Human feedback is often used, either directly or indirectly, as input to algorithmic decision making. However, humans are biased: if the algorithm that takes as input the human feedback does not control for potential biases, this might result in biased algorithmic decision making, which can have a tangible impact on people’s lives. In this paper, we study how to detect and correct for evaluators’ bias in the task of ranking people (or items) from pairwise comparisons. Specifically, we assume we are given pairwise comparisons of the items to be ranked produced by a set of evaluators. While the pairwise assessments of the evaluators should reflect to a certain extent the latent (unobservable) true quality scores of the items, they might be affected by each evaluator’s own bias against, or in favor, of some groups of items. By detecting and amending evaluators’ biases, we aim to produce a ranking of the items that is, as much as possible, in accordance with the ranking one would produce by having access to the latent quality scores. Our proposal is a novel method that extends the classic Bradley-Terry model by having a bias parameter for each evaluator which distorts the true quality score of each item, depending on the group the item belongs to.
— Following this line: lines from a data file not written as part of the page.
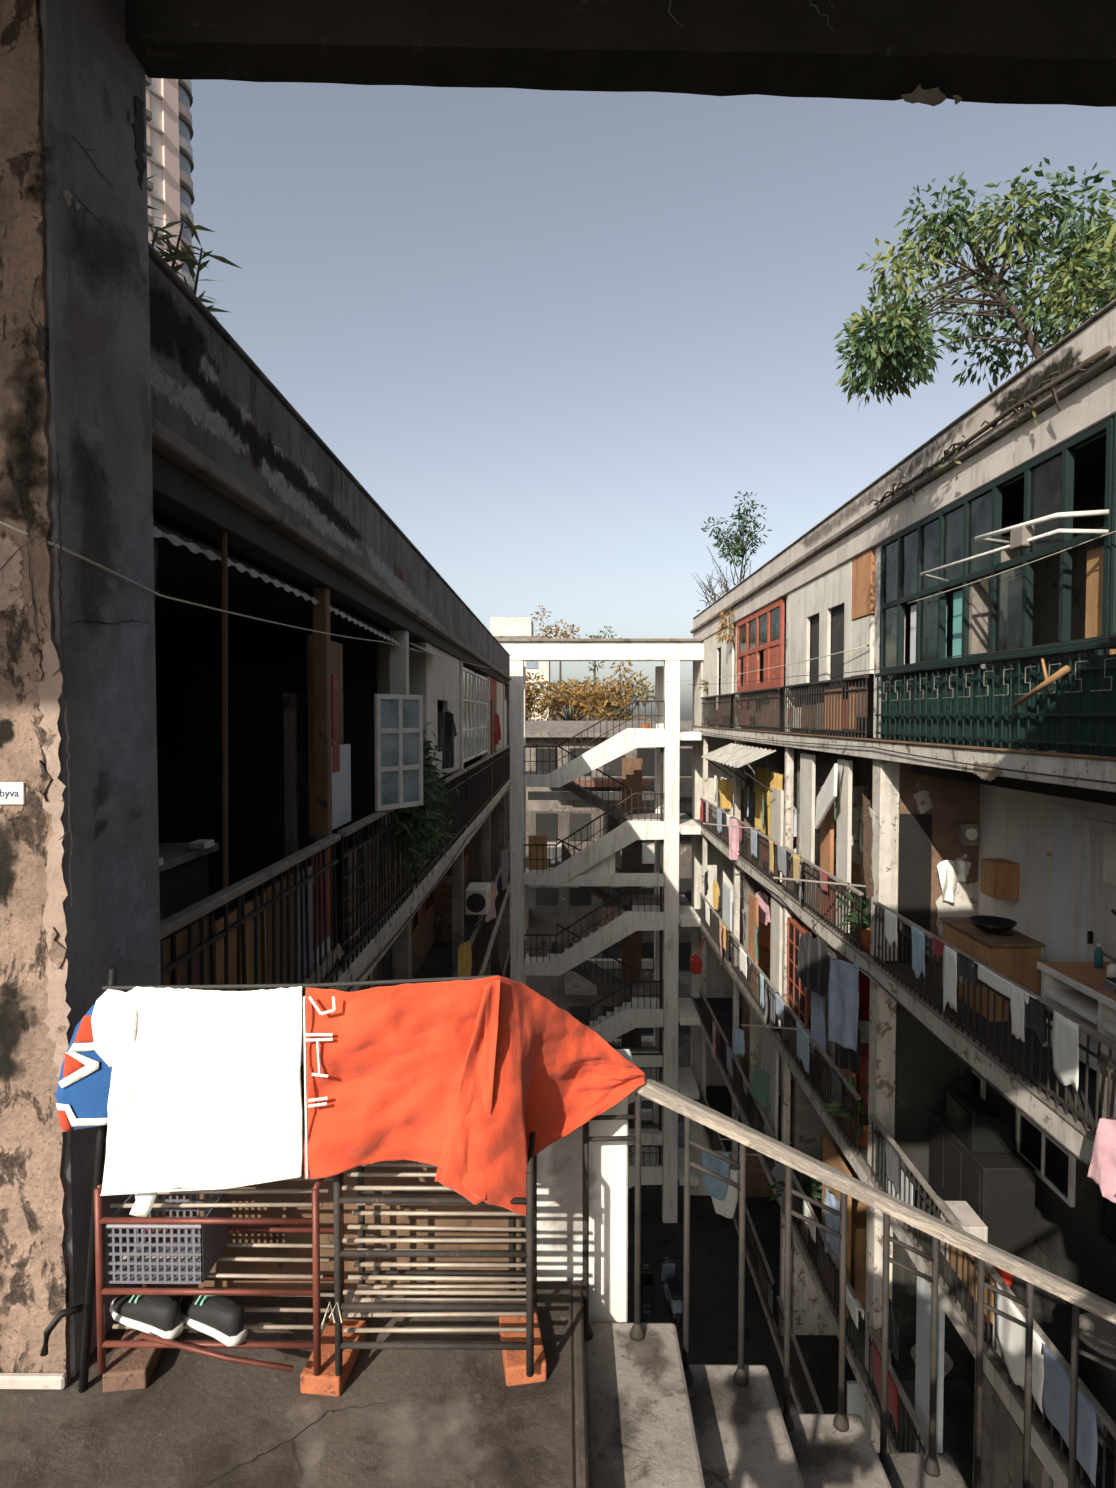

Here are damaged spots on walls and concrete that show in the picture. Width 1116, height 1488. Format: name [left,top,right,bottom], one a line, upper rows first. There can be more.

spalling [901,84,962,106]
water stain [0,342,58,513]
water stain [149,276,361,541]
peeling [0,536,32,611]
water stain [0,719,14,747]
water stain [0,816,17,899]
mould [0,984,33,1081]

Thanks to the simplicity of the model, we are able to write explicitly its log-likelihood w.r.t. the parameters (i.e., items’ latent scores and evaluators’ bias) and optimize by means of the alternating approach. Our experiments on synthetic and real-world data confirm that our method is able to reconstruct the bias of each single evaluator extremely well and thus to outperform several non-trivial competitors in the task of producing a ranking which is as much as possible close to the unbiased ranking.

Abstract Image

查看原文

微信好友朋友圈 QQ好友复制链接

本刊更多论文

通过成对比较进行有偏差的排序

人类的反馈常常被直接或间接地用作算法决策的输入。然而，人类是有偏差的：如果将人类反馈作为输入的算法不能控制潜在的偏差，就可能导致算法决策的偏差，从而对人们的生活产生切实的影响。在本文中，我们将研究如何在通过成对比较对人（或物品）进行排序的任务中发现并纠正评价者的偏差。具体来说，我们假设有一组评价者对需要排名的项目进行成对比较。虽然评价者的成对评价应在一定程度上反映项目的潜在（不可观察的）真实质量分数，但它们可能会受到每个评价者自身对某些项目组的偏见或偏好的影响。通过检测和修正评估者的偏见，我们的目标是尽可能得出与获得潜在质量分数后得出的排序一致的项目排序。我们的建议是一种新颖的方法，它扩展了经典的布拉德利-特里模型，为每个评估者设置了一个偏差参数，该参数会根据项目所属的组别，扭曲每个项目的真实质量得分。得益于模型的简洁性，我们能够明确写出参数（即项目的潜在得分和评价者的偏差）的对数似然，并通过交替法进行优化。我们在合成数据和实际数据上进行的实验证实，我们的方法能够很好地重建每个评价者的偏差，因此在生成尽可能接近无偏差排名的任务中，我们的方法优于其他几个竞争对手。

本文章由计算机程序翻译，如有差异，请以英文原文为准。

求助全文

约1分钟内获得全文去求助

来源期刊

Data Mining and Knowledge Discovery 工程技术-计算机：人工智能

CiteScore

10.40

自引率

4.20%

发文量

审稿时长

10 months

期刊介绍： Advances in data gathering, storage, and distribution have created a need for computational tools and techniques to aid in data analysis. Data Mining and Knowledge Discovery in Databases (KDD) is a rapidly growing area of research and application that builds on techniques and theories from many fields, including statistics, databases, pattern recognition and learning, data visualization, uncertainty modelling, data warehousing and OLAP, optimization, and high performance computing.